* _EXERCISE DETAILS_: Through the line with "text /* Tohle" and starting from the first line, return the records below word for word, with pictures left out.

Records from a data collection
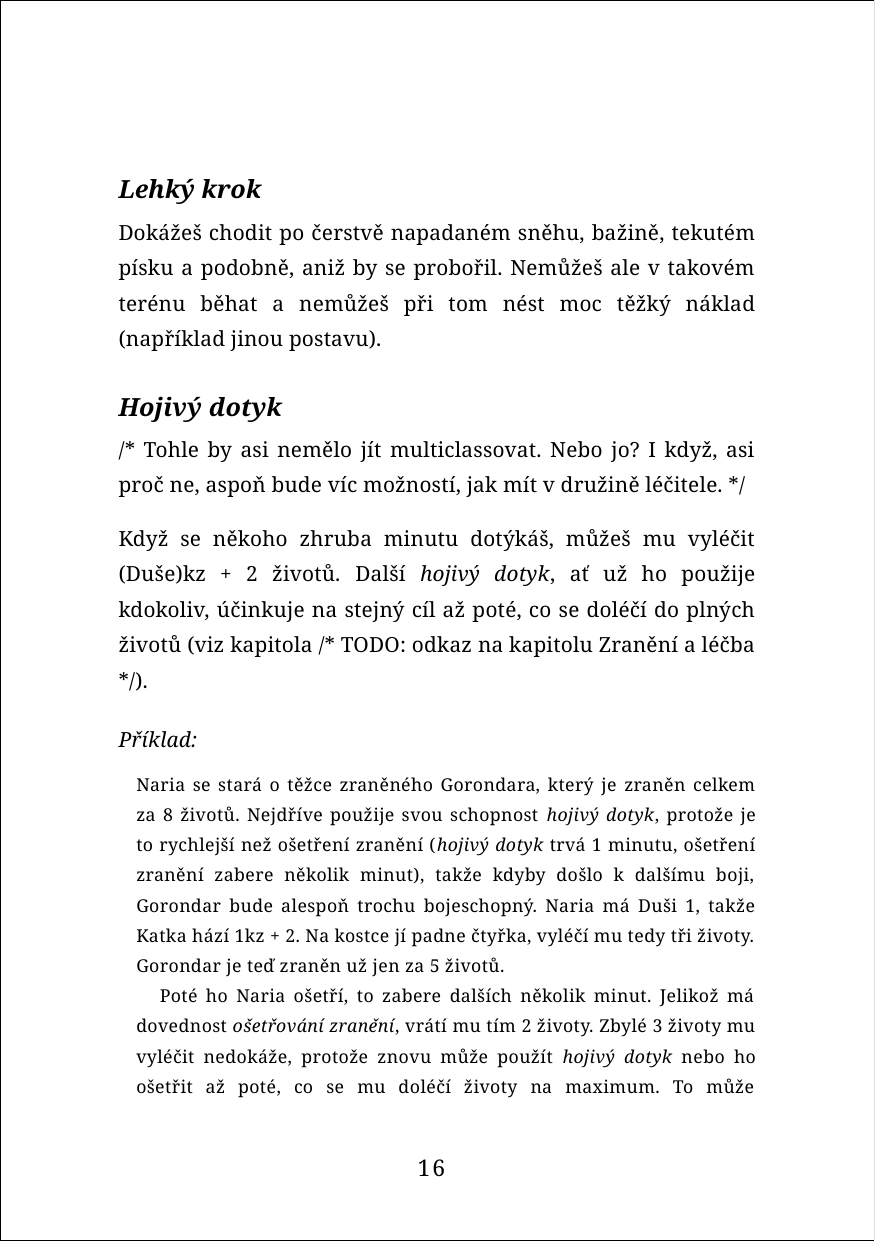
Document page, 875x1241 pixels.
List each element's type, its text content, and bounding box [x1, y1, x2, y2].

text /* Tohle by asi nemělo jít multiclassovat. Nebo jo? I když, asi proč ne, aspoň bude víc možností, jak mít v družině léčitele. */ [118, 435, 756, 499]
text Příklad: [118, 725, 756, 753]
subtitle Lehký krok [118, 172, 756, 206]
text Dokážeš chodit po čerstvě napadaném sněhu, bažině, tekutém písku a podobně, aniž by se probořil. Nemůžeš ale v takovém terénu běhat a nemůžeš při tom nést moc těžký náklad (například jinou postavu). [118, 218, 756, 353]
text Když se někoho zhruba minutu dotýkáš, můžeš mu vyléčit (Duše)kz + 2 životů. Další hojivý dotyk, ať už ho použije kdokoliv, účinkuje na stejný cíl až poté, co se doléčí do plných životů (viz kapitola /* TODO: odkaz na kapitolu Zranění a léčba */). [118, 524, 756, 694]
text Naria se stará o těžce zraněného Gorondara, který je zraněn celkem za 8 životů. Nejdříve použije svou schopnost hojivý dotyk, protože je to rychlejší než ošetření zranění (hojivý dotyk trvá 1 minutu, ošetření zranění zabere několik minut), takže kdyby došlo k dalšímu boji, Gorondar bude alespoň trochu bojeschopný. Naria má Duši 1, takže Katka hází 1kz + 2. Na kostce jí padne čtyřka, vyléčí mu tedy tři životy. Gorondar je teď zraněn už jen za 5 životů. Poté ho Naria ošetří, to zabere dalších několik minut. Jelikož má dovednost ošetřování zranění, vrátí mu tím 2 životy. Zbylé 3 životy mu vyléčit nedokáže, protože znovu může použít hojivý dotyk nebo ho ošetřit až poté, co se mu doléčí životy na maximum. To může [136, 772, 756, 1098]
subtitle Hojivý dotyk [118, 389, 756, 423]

* _WRITTEN REPLY_:
Document page, 875x1241 pixels.
List each element's type, its text content, and bounding box [x1, y1, x2, y2].

text /* Tohle by asi nemělo jít multiclassovat. Nebo jo? I když, asi proč ne, aspoň bude víc možností, jak mít v družině léčitele. */ [118, 435, 756, 499]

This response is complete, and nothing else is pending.